Classic Rant #980 (June 10, 2013): Super Soaker



I often talk about the weather at this blog, because the weather impacts so many things that are part of our lives.

This weekend, in my neck of the woods, the weather was pretty much picture perfect.

It was warm without being absolutely sweat inducing, the sun was shining, and it was shorts weather outside.

But getting to that point was another matter altogether.

On Friday, we got soaked with rain, the likes of which I hadn't seen in years.

Brought on by the last remnants of Tropical Storm Andrea, this storm was the fiercest one I have seen in these parts maybe ever.

After leaving work, I drove home to buckets and buckets of rain coming down from the sky.

It wasn't only cats and dogs, it was probably a variety of animals not seen since Noah's Ark that pummeled us.

It was very hard to see, and there were not only puddles, but mini-lakes, on the roadways that you had to be aware of.

I drive on the highway much of my destination home, a two-lane highway that was originally built with a lesser volume of traffic in mind.

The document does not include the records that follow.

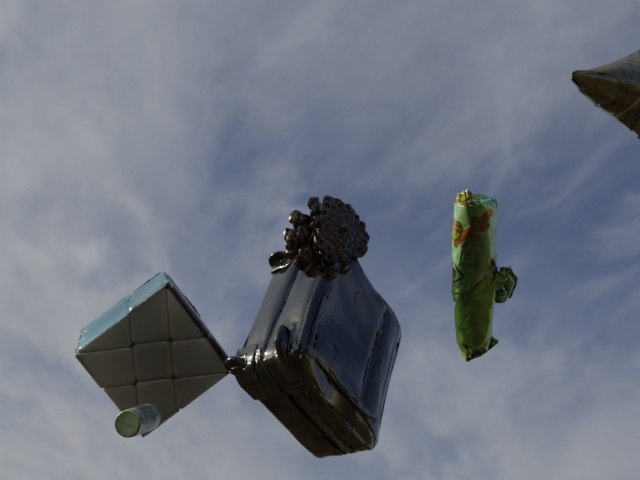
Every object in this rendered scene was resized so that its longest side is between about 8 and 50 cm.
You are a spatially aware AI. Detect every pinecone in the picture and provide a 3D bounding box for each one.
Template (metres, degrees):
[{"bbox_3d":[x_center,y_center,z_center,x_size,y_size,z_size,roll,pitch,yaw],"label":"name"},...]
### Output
[{"bbox_3d":[0.002,0.000,1.519,0.140,0.140,0.121,32,-27,-22],"label":"pinecone"}]

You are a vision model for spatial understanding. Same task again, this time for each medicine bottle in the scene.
[{"bbox_3d":[-0.297,0.293,1.559,0.047,0.047,0.083,5,-1,13],"label":"medicine bottle"}]

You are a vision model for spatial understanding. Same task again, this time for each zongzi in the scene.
[{"bbox_3d":[0.405,-0.230,1.326,0.176,0.160,0.078,24,-53,-16],"label":"zongzi"}]

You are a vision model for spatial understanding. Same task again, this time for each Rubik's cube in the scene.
[{"bbox_3d":[-0.335,0.220,1.928,0.221,0.231,0.225,54,-8,-10],"label":"Rubik's cube"}]

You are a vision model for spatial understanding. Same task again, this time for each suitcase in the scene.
[{"bbox_3d":[0.012,0.212,1.840,0.188,0.345,0.339,-19,-57,31],"label":"suitcase"}]

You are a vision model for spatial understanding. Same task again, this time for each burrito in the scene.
[{"bbox_3d":[0.255,0.054,1.484,0.104,0.054,0.287,-4,-71,-6],"label":"burrito"}]
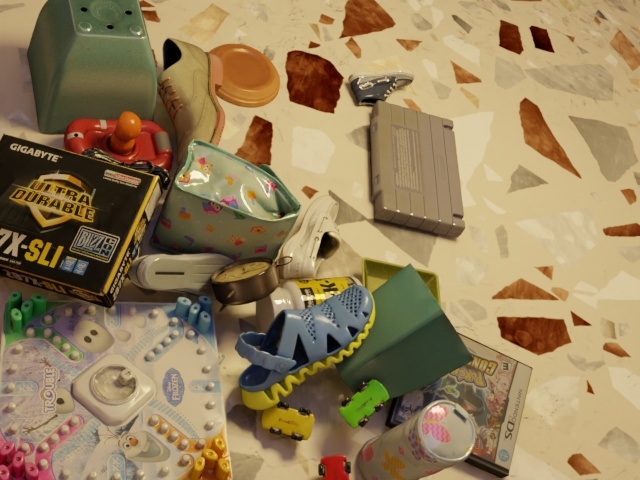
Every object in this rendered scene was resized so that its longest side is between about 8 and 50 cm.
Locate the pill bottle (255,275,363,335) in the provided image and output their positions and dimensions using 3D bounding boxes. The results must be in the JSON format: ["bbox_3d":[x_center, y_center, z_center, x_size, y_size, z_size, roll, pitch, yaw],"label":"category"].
[{"bbox_3d":[-0.019,0.139,1.772,0.208,0.119,0.119,-4,59,-27],"label":"pill bottle"}]

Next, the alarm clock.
[{"bbox_3d":[-0.130,0.073,1.696,0.192,0.129,0.064,-29,112,-32],"label":"alarm clock"}]

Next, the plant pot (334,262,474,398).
[{"bbox_3d":[0.143,0.202,1.715,0.234,0.166,0.165,-34,37,4],"label":"plant pot"}]

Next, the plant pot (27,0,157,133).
[{"bbox_3d":[-0.479,-0.403,1.862,0.247,0.252,0.248,-3,58,-26],"label":"plant pot"}]

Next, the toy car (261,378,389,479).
[{"bbox_3d":[0.036,0.353,1.642,0.225,0.053,0.239,-40,77,-10],"label":"toy car"}]

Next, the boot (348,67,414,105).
[{"bbox_3d":[0.168,-0.397,2.281,0.189,0.069,0.086,-8,67,-20],"label":"boot"}]

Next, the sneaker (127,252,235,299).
[{"bbox_3d":[-0.264,0.061,1.723,0.258,0.091,0.094,13,89,-45],"label":"sneaker"}]

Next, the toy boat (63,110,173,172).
[{"bbox_3d":[-0.416,-0.211,1.818,0.231,0.151,0.151,-3,58,-27],"label":"toy boat"}]

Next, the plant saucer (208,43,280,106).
[{"bbox_3d":[-0.191,-0.415,2.142,0.199,0.037,0.200,12,53,-16],"label":"plant saucer"}]

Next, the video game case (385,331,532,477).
[{"bbox_3d":[0.293,0.322,1.804,0.274,0.035,0.248,26,61,-8],"label":"video game case"}]

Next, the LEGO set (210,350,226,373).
[{"bbox_3d":[-0.312,0.269,1.608,0.182,0.060,0.244,26,46,7],"label":"LEGO set"}]

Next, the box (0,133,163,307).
[{"bbox_3d":[-0.491,-0.040,1.620,0.321,0.079,0.257,16,67,7],"label":"box"}]

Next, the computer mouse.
[{"bbox_3d":[-0.409,-0.038,1.735,0.188,0.072,0.272,14,64,-23],"label":"computer mouse"}]

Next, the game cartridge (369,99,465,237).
[{"bbox_3d":[0.233,-0.181,2.156,0.230,0.068,0.355,10,53,-13],"label":"game cartridge"}]

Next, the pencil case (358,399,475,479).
[{"bbox_3d":[0.174,0.381,1.592,0.124,0.273,0.114,-30,79,-32],"label":"pencil case"}]

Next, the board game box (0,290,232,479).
[{"bbox_3d":[-0.362,0.252,1.529,0.389,0.050,0.390,3,48,-18],"label":"board game box"}]

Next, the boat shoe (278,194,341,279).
[{"bbox_3d":[0.000,0.000,1.864,0.096,0.098,0.277,11,39,16],"label":"boat shoe"}]

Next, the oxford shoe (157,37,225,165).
[{"bbox_3d":[-0.305,-0.294,1.919,0.146,0.140,0.397,27,36,-32],"label":"oxford shoe"}]

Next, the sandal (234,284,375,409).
[{"bbox_3d":[-0.036,0.181,1.638,0.317,0.126,0.138,-36,119,-12],"label":"sandal"}]

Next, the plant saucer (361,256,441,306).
[{"bbox_3d":[0.171,0.142,1.903,0.188,0.045,0.189,12,53,-16],"label":"plant saucer"}]

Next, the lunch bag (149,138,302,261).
[{"bbox_3d":[-0.185,-0.054,1.764,0.262,0.223,0.160,20,51,-11],"label":"lunch bag"}]
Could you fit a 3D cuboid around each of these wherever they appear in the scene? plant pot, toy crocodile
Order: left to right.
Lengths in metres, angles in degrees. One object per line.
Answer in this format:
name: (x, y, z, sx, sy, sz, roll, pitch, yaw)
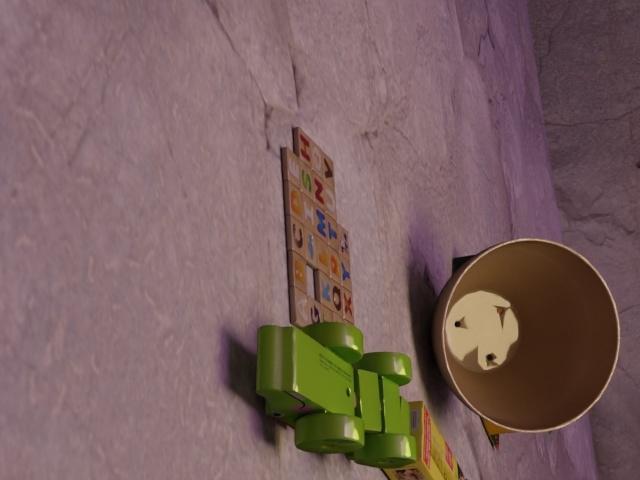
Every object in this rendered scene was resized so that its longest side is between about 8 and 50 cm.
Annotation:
toy crocodile: (0.017, 0.161, 1.087, 0.340, 0.105, 0.115, 36, 47, -59)
plant pot: (0.286, 0.142, 1.684, 0.191, 0.284, 0.284, 169, -89, -75)

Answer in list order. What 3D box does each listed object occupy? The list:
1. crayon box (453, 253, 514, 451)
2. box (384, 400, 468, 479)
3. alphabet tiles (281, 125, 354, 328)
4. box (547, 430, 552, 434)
crayon box: (0.313, 0.202, 1.961, 0.202, 0.081, 0.318, -82, 155, -45)
box: (0.137, 0.298, 1.414, 0.232, 0.058, 0.087, 60, 28, -46)
alphabet tiles: (0.000, 0.000, 1.242, 0.198, 0.009, 0.237, 38, 46, -64)
box: (0.401, 0.273, 1.994, 0.179, 0.043, 0.105, -60, 146, -72)

Now, with so many people taking their cars to work during the week, the roadway is normally bumper to bumper at this hour anyway, but with all the rain pelting us, this was like each car was still bumper to bumper, but separated not by space, but by raindrops.

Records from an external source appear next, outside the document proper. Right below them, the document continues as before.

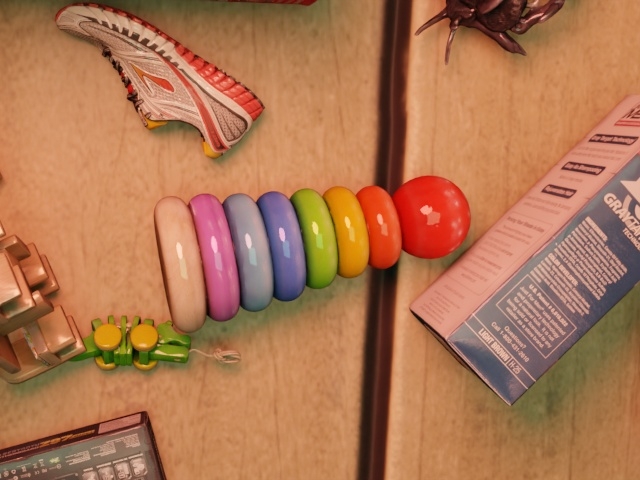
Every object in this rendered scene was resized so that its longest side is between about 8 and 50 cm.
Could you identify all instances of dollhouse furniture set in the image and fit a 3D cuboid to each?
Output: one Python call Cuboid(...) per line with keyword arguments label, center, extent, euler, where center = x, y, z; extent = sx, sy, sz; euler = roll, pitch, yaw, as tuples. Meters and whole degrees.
Cuboid(label="dollhouse furniture set", center=(-0.365, 0.023, 1.021), extent=(0.161, 0.212, 0.242), euler=(-26, 72, -6))

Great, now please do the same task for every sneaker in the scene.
Cuboid(label="sneaker", center=(-0.171, -0.164, 1.083), extent=(0.225, 0.088, 0.093), euler=(33, 93, -10))

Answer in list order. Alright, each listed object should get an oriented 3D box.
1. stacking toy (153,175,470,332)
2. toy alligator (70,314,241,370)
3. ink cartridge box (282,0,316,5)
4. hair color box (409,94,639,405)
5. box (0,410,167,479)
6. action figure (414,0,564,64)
Cuboid(label="stacking toy", center=(0.000, 0.000, 1.109), extent=(0.330, 0.141, 0.141), euler=(-10, 98, -11))
Cuboid(label="toy alligator", center=(-0.179, 0.104, 1.135), extent=(0.189, 0.056, 0.051), euler=(1, 56, -8))
Cuboid(label="ink cartridge box", center=(-0.180, -0.306, 0.968), extent=(0.384, 0.279, 0.160), euler=(1, 99, -8))
Cuboid(label="hair color box", center=(0.265, 0.000, 1.119), extent=(0.347, 0.174, 0.105), euler=(-44, 101, 0))
Cuboid(label="box", center=(-0.274, 0.302, 1.140), extent=(0.232, 0.059, 0.183), euler=(-15, 99, -6))
Cuboid(label="action figure", center=(0.215, -0.303, 1.098), extent=(0.275, 0.141, 0.164), euler=(-38, 110, 25))
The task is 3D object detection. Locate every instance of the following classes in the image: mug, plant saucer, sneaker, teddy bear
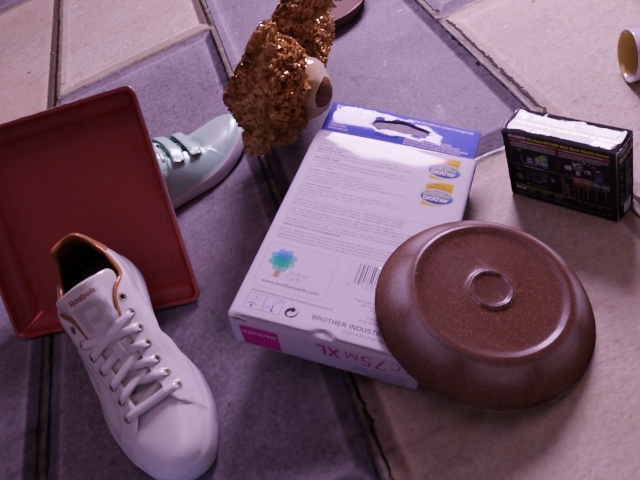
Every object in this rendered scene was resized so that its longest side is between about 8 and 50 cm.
[{"bbox_3d":[0.389,-0.227,0.779,0.064,0.062,0.078,-10,51,6],"label":"mug"},{"bbox_3d":[-0.291,-0.029,0.806,0.259,0.259,0.048,-13,11,13],"label":"plant saucer"},{"bbox_3d":[0.148,0.051,0.589,0.199,0.036,0.198,1,54,-1],"label":"plant saucer"},{"bbox_3d":[-0.204,0.110,0.662,0.106,0.123,0.290,-37,58,-4],"label":"sneaker"},{"bbox_3d":[-0.216,-0.126,0.900,0.256,0.151,0.094,-43,44,-19],"label":"sneaker"},{"bbox_3d":[0.005,-0.401,1.150,0.169,0.029,0.168,-13,45,14],"label":"plant saucer"},{"bbox_3d":[-0.031,-0.226,0.863,0.245,0.113,0.338,-62,7,10],"label":"teddy bear"}]

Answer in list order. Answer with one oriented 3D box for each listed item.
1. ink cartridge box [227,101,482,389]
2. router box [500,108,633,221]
[{"bbox_3d":[0.050,-0.013,0.698,0.186,0.065,0.311,13,56,13],"label":"ink cartridge box"},{"bbox_3d":[0.250,-0.078,0.675,0.123,0.092,0.038,22,61,38],"label":"router box"}]

When I exited the highway, I got onto the major road leading to where I live, and it, too,was bumper to bumper, but traffic was moving as the raindrops continued to fall rapidly.

I thought everything was clear sailing, but boy, was I wrong.

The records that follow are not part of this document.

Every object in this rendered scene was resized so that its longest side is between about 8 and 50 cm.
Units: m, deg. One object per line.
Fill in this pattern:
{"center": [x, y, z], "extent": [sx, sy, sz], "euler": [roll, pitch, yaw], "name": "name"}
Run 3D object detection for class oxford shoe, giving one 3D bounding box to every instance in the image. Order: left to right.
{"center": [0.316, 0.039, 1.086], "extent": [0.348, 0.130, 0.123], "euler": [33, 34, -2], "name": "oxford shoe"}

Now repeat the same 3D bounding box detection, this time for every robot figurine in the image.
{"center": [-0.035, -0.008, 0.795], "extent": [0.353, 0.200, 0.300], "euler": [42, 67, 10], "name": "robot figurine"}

I was about a half mile away from where I live, and traffic pretty much stopped dead in its tracks.

I couldn't see what was up ahead, but being so close to home, it was getting very frustrating to me that I was seemingly so close, yet so far from my destination.

I saw numerous cars making U-turns off the road I was on, and then it pretty much hit me: there must be some newly created rivers up ahead, and people don't want to take a chance of driving their cars through this mess.

And that is exactly what it was.

By the park that we live opposite of, there was a river formed on the road that must have been at least two to three feet deep, which means that if you drove through it, it would be up to at least the middle of the doors on your car.

We received such an amount of rain in such a short period of time--some places got more than five inches on Friday--that even though there was drainage at this part of the road, it could not withstand such a load of rain, so a mini-ocean formed.

I decided to wing it, figuring two things: one, that I was so close to home that I didn't want to veer off elsewhere and have it take me even longer to get to my destination, and two, that my car performed well in other weather conditions, including snow, so I believed it could do well here, too.

So I drove my car through the ocean, all the while holding my breath, and lo and behold, it worked!

Once past there, I was able to get home pretty easily, since so many cars turned around before getting to this mess.

I parked my car, and I saw that our little street was being used as a through street by numerous cars. Evidently, on the other side of the park, another mini-ocean had formed, and it was the safest way for these drivers to get from point A to point B.

But it was just rain, and in a few hours, pretty much everything was back to normal.

I don't remember seeing rain like this where I live ever, and I have been living in this area for more than 40 years.

I have driven in worse, though.

On one of our vacations to Florida, actually coming home from the vacation, I remember that two or three years ago we hit the most massive rainstorm I had ever seen, before or since. It was in the Carolinas on I-95--I think it was South Carolina but I really don't remember for sure--and it lasted for hours.

You could not see in front of you pretty much at all, and I remember that the guy ahead of us for miles and miles also had a New York license plate, and we pretty much followed him through it, at a distance of course.

That was the worst I have ever seen, but this thing on Friday was pretty close to it.

And the forecast today? More rain, but not of the super-soaker type, I am happy to say.